[Items from a data source]
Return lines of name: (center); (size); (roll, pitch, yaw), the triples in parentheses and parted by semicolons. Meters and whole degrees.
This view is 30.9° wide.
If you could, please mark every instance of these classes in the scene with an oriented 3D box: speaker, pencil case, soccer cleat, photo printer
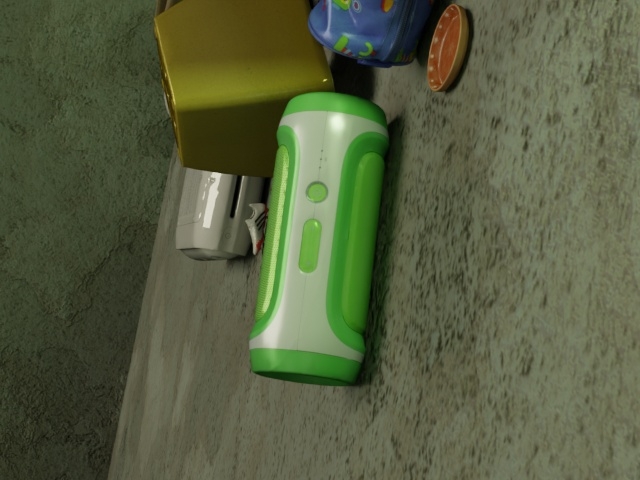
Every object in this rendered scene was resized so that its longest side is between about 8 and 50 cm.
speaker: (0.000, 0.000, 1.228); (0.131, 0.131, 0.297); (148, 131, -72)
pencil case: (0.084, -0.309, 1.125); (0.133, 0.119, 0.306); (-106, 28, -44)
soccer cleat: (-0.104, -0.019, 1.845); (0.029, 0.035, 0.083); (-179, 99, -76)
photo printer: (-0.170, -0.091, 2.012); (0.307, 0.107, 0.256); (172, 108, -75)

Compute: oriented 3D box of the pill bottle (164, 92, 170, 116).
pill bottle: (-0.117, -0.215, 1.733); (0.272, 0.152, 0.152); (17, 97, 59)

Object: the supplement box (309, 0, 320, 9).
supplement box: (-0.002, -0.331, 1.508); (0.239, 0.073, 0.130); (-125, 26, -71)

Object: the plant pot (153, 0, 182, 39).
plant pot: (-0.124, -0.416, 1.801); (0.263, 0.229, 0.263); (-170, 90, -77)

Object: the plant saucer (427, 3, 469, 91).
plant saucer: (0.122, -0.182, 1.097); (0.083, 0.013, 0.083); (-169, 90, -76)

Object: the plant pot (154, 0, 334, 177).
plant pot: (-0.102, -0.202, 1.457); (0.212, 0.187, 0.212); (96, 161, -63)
...
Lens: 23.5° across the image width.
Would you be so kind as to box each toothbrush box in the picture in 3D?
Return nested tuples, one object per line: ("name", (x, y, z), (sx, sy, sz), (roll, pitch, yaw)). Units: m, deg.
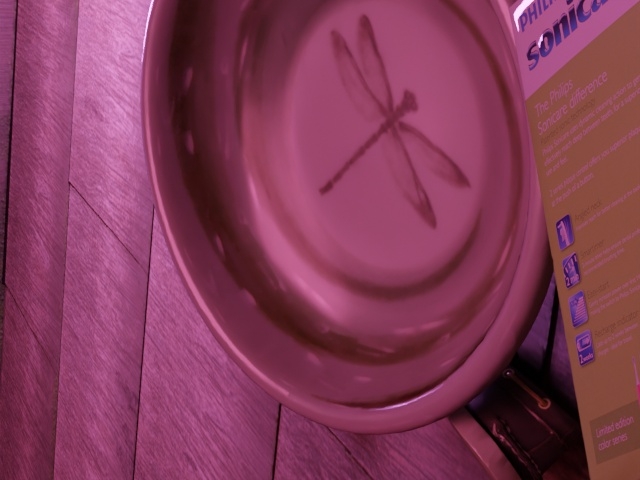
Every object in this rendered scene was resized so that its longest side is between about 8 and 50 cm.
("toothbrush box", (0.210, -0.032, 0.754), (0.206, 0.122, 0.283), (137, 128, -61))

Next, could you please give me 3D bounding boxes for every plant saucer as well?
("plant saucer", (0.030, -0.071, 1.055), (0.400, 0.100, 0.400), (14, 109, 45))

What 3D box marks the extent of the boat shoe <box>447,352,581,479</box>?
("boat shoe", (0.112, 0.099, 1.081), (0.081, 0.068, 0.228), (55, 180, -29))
--
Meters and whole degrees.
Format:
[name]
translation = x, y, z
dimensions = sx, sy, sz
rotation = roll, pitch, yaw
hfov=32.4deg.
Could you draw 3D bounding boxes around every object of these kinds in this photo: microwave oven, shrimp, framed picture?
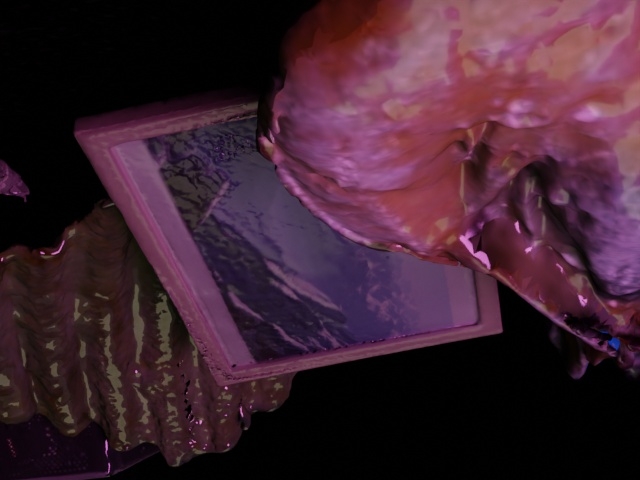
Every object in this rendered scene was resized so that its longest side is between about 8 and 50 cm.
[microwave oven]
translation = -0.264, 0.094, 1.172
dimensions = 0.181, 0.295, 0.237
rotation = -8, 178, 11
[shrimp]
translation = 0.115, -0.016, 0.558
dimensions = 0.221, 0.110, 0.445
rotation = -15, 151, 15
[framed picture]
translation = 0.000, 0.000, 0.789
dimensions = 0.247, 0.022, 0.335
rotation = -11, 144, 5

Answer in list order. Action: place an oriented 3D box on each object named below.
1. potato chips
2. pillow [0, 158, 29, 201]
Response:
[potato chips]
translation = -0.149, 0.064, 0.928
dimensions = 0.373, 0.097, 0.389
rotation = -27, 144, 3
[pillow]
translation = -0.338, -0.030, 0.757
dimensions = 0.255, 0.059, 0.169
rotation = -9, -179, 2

#### What this task involves
Return every line of the preceding records in which the word "Meters" appears.

#### Response to the task
Return lines of name: (center); (size); (roll, pitch, yaw), the triples in parentheses and parted by semicolons. Meters and whole degrees.
Meters and whole degrees.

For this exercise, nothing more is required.